_EXERCISE AIM_:
Of the lines below, copy those that hold the word "Select".

Records from a dataset:

☆ ☆ ☆

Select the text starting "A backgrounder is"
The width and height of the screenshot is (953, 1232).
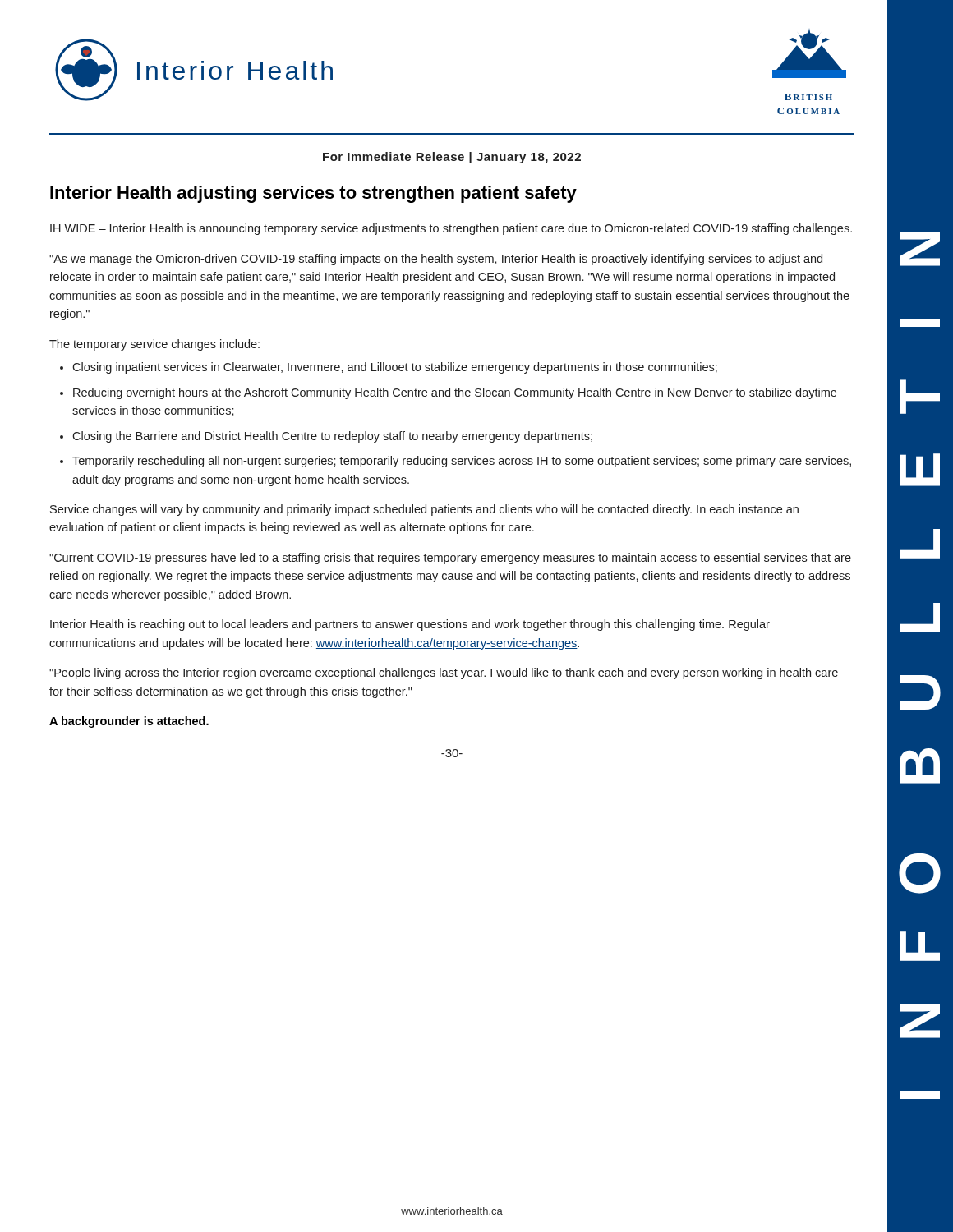[x=129, y=721]
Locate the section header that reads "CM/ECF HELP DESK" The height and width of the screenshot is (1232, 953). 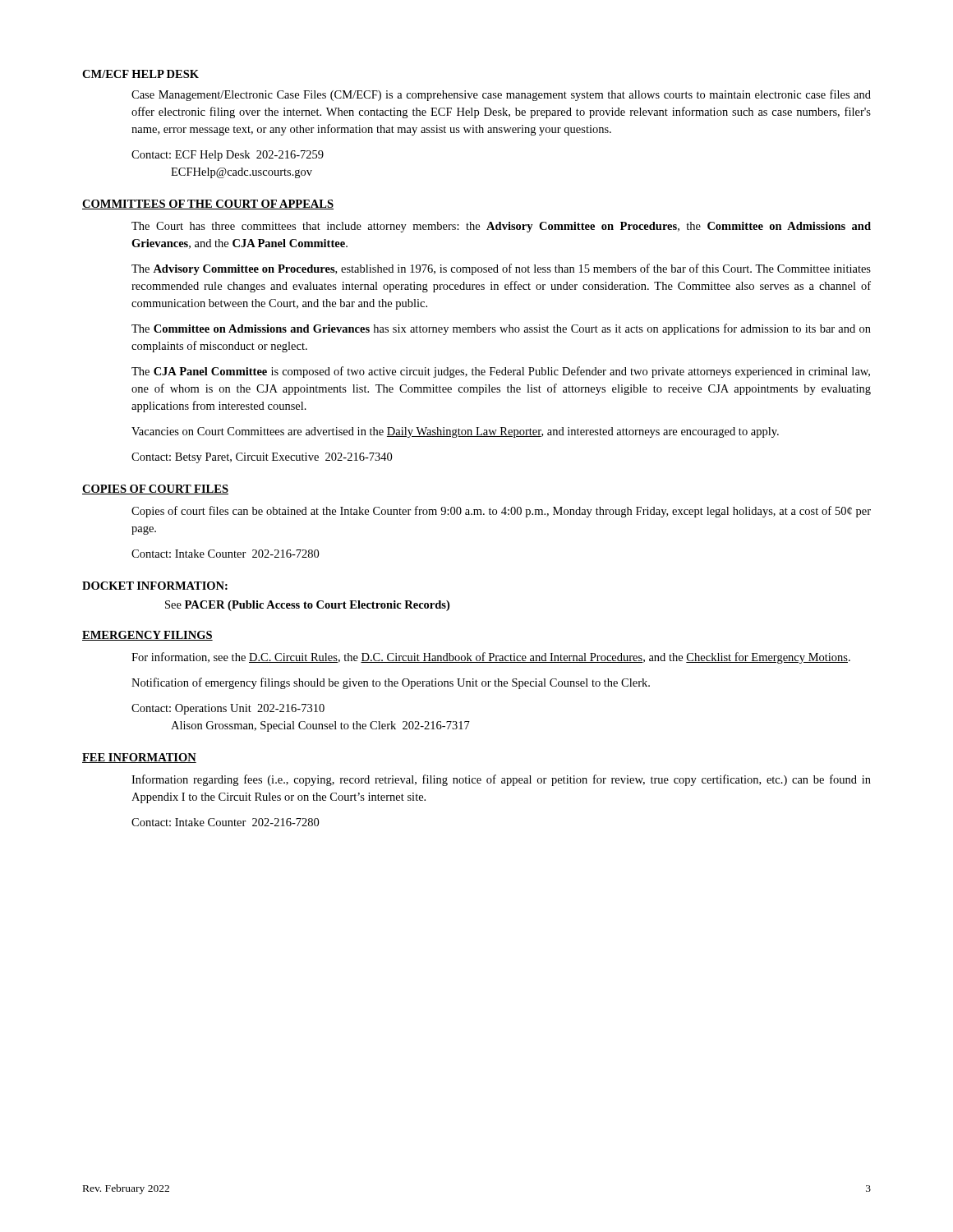click(x=141, y=74)
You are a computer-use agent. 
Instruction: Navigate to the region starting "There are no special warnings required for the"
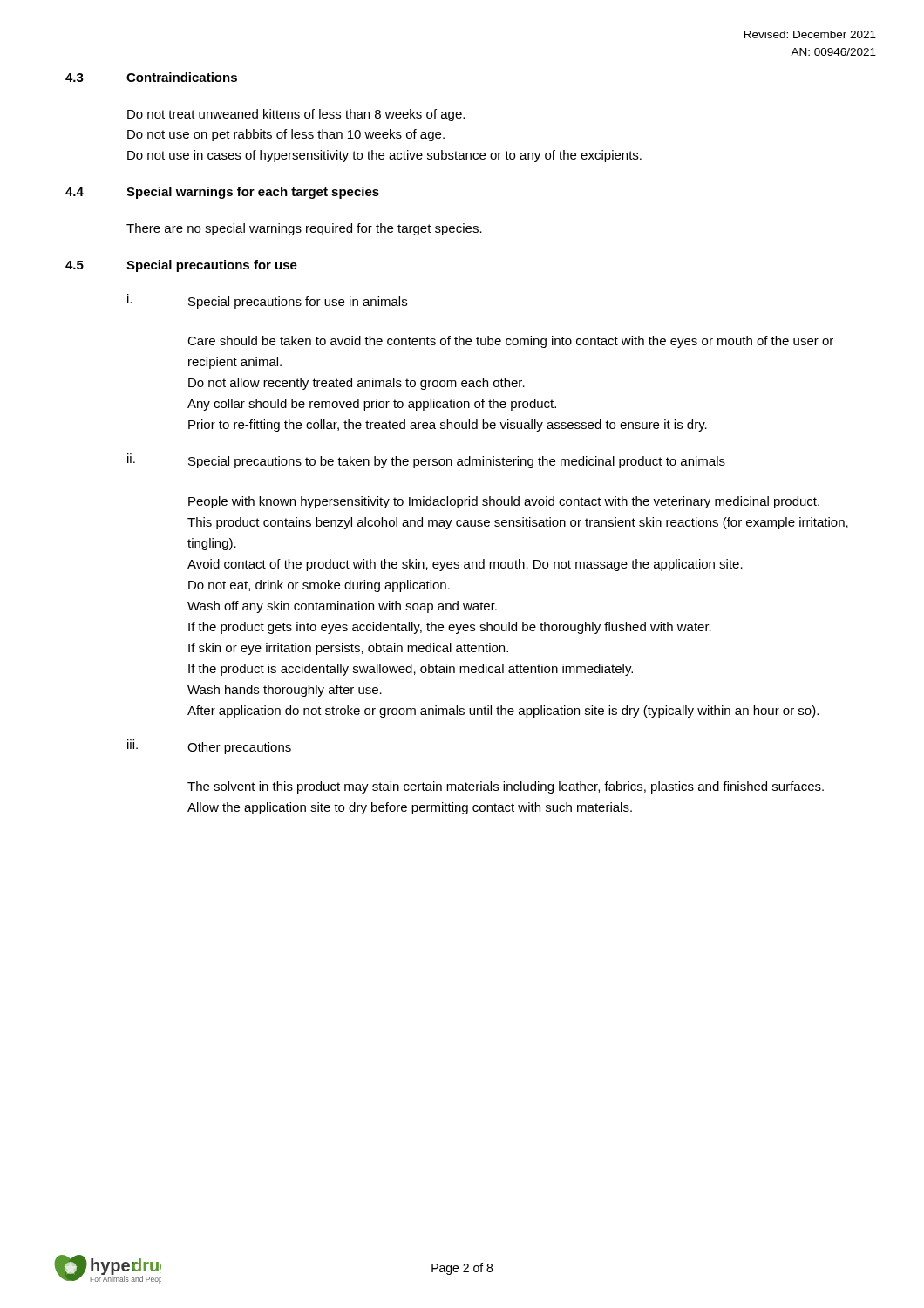point(462,228)
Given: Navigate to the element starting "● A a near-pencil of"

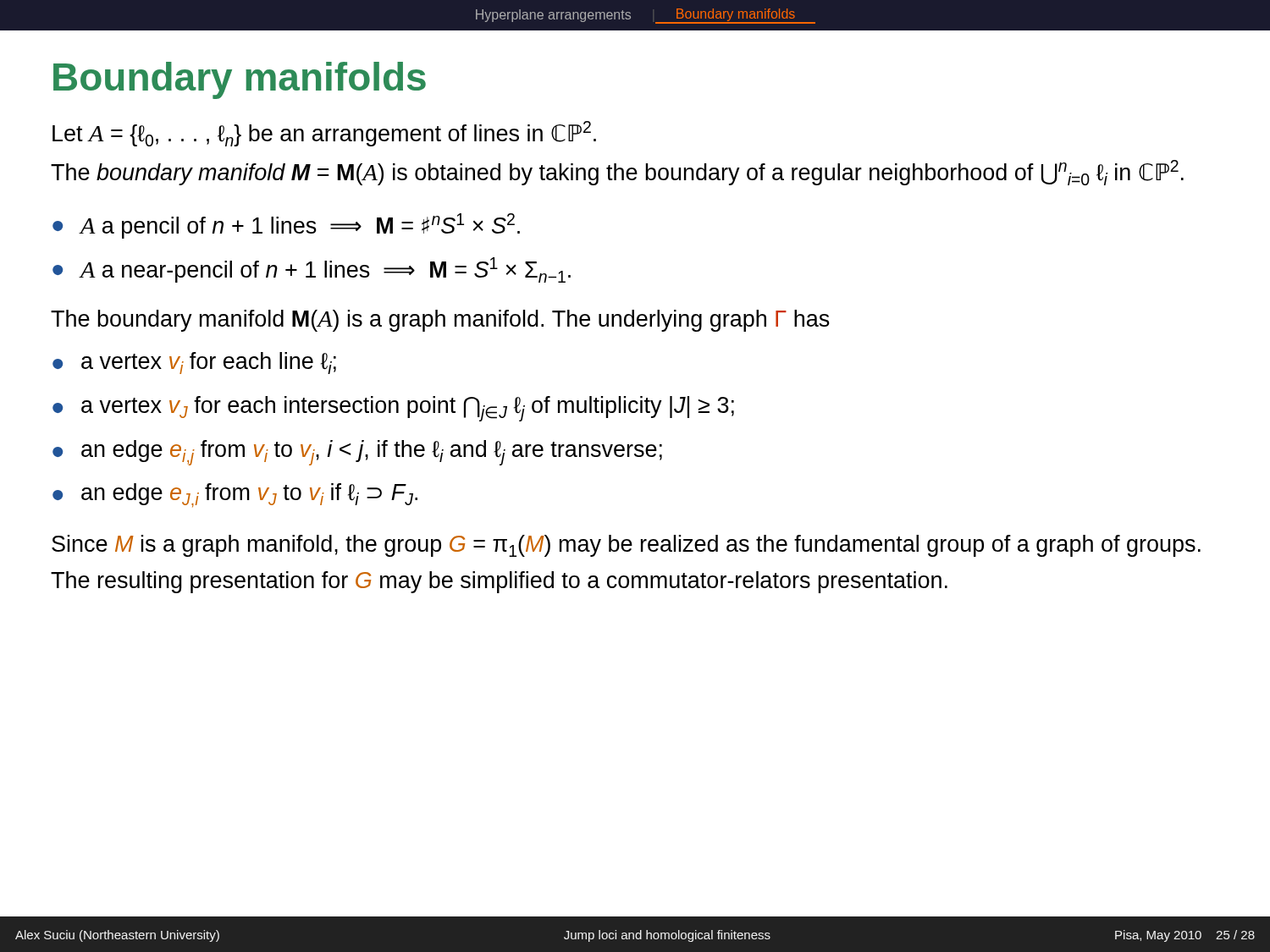Looking at the screenshot, I should pyautogui.click(x=312, y=270).
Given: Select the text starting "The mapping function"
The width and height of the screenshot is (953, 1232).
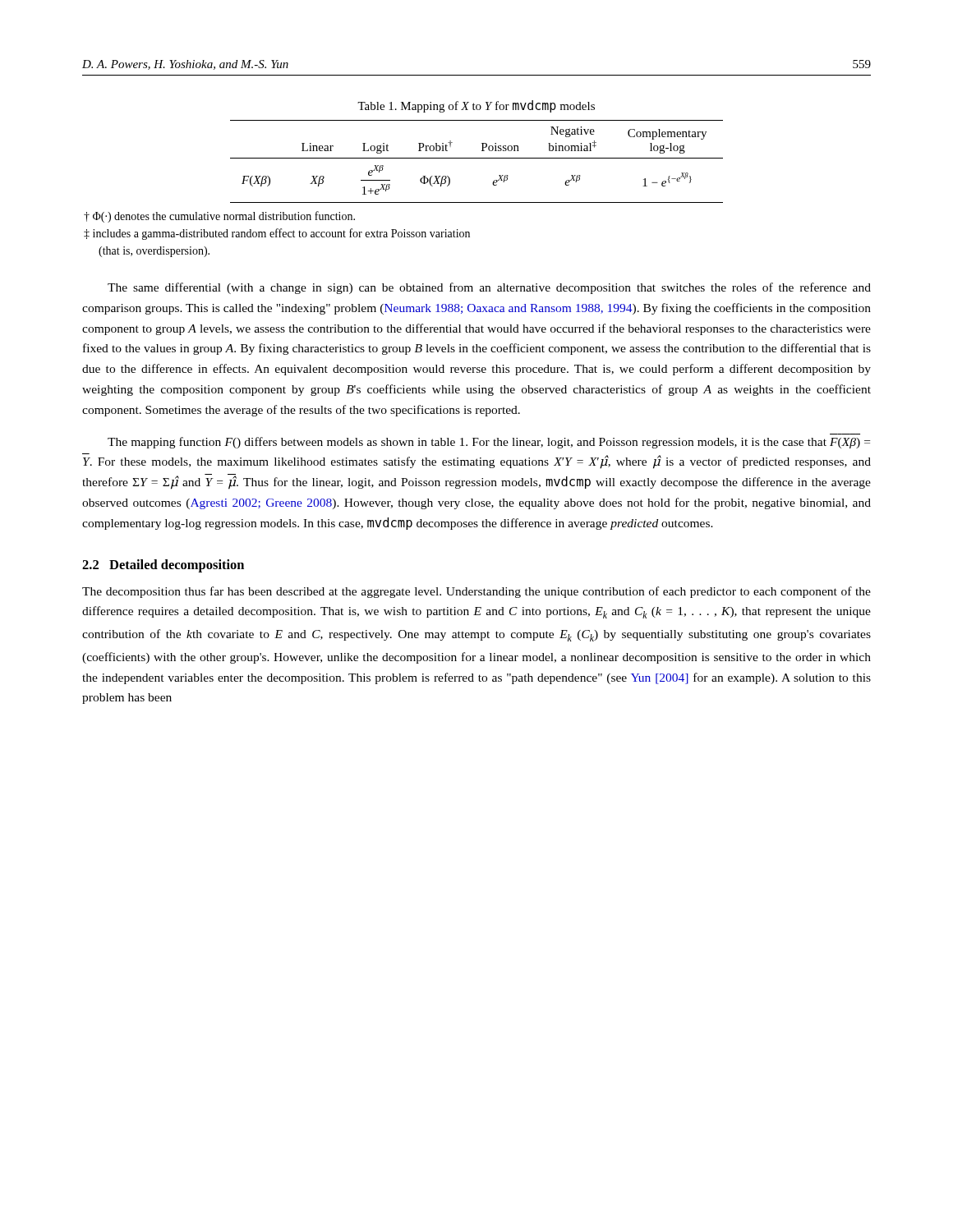Looking at the screenshot, I should coord(476,482).

☆ ☆ ☆

_SOLUTION TO THE EXERCISE_:
Select the text starting "A backgrounder is"
Given: Select the text starting "The mapping function"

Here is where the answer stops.